The problem at the heart of Bui-Thanh’s research is known as the ‘curse of dimensionality.’ This refers to the fact that when one tries to gain more resolution or clarity in solving inverse problems, the difficulty of the calculations increases exponentially, frequently pushing them into the realm of impossibility.

For instance, using the high-performance computers at the Texas Advanced Computing Center (TACC), among the fastest in the world, it can take minutes or hours to perform a single simulation, also known as a sample, to determine the makeup of the Earth.

“If a problem needs 1,000 samples, we don’t have the time,” Bui-Thanh said. “But it may not be a thousand samples we need. It can require a million samples to obtain reliable uncertainty quantification estimations.”
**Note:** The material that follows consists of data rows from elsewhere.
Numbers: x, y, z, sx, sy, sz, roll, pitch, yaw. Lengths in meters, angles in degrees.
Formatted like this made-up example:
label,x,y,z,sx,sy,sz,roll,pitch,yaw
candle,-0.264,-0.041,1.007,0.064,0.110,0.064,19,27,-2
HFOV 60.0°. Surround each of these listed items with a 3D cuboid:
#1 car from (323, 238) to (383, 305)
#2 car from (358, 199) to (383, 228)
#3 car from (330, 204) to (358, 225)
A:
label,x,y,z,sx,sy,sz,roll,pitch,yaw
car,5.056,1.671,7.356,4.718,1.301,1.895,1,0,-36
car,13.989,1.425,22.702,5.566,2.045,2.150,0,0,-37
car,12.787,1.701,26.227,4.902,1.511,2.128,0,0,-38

For that reason, even with supercomputers getting faster every year, traditional methods can only get researchers so far. Bui-Thanh will augment traditional inverse methods with machine learning to make problems more solvable. In the case of seismic wave propagation, he hopes to employ a multi-disciplinary approach, including machine learning, to do fast approximations for often-large areas of less importance, and focus the high-resolution simulations on often-small parts of the problem that are deemed most critical.
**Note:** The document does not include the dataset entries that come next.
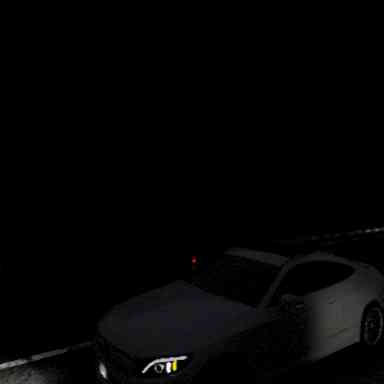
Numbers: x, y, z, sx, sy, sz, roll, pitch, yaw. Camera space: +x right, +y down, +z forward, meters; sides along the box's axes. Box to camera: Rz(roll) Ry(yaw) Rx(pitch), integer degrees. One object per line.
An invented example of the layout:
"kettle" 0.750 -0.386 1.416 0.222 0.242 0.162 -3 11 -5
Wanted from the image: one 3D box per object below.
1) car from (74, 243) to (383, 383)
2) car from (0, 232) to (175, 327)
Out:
"car" 1.009 1.527 4.701 4.674 1.442 1.812 0 0 -35
"car" -2.340 1.548 6.615 5.357 1.411 2.033 0 0 -36

“We will develop new mathematical algorithms and rigorously justify that they can be accurate and effective,” he said. “We’ll do this in the context of big data and will apply it to new problems.”
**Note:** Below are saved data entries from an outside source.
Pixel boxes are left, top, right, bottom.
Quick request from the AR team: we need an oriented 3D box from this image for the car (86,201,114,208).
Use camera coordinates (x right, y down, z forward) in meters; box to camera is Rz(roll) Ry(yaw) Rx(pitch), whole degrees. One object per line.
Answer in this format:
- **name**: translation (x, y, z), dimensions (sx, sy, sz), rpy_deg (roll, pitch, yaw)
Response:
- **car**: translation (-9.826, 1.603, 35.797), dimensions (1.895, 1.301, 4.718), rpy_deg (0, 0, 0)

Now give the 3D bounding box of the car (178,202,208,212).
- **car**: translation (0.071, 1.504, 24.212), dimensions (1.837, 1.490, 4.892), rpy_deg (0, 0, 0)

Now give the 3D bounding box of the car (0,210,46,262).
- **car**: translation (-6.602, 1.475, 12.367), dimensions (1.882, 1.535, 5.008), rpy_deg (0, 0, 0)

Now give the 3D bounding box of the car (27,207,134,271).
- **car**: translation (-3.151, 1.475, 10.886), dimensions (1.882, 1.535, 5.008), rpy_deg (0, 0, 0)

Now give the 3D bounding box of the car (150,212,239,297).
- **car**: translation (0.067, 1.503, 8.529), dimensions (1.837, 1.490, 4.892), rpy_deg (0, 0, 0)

In 2017-2018, Bui-Thanh and colleagues at UT Austin and other universities published preliminary results from their work on TACC systems in Inverse Problems, the Journal of Computational PhysicsSIAM Journal on Scientific Computing, and Water Resources Research. The papers applied new scalable methods to various inverse modeling problems to mitigate the curse of dimensionality.

Using the Stampede1 supercomputer at TACC, they effectively used up to 16,384 computing cores and solved large, complex problems in a close to linear, rather than exponential, timescale. Bui-Thanh will expand on this research, which will continue to take advantage of TACC’s large computing resources.

“I have been very fortunate to have direct and instant support from TACC, which has provided me with computing hours and timely software trouble-shootings,” said Bui-Thanh. “These have facilitated my group to produce various preliminary results published in many papers, which in turn have helped establish the credibility for the research proposed in my NSF CAREER award.”

The CAREER award compliments four other grants that Bui-Thanh received in 2018 from NSF, King Abdullah University of Science and Technology, UT System and the UT Austin Portugal Program, which together total $1.2 million, as well as grants in 2017 from the Department of Energy Fusion Energy Sciences and Advanced Scientific Computing Research, the Defense Threat Reduction Agency, and ExxonMobil that apply his inverse modeling methods to a range of critical problems.

“Since my proposed mathematical algorithms are designed for current and future large-scale computing systems, TACC will play an important role in the success of my research work,” Bui-Thanh said.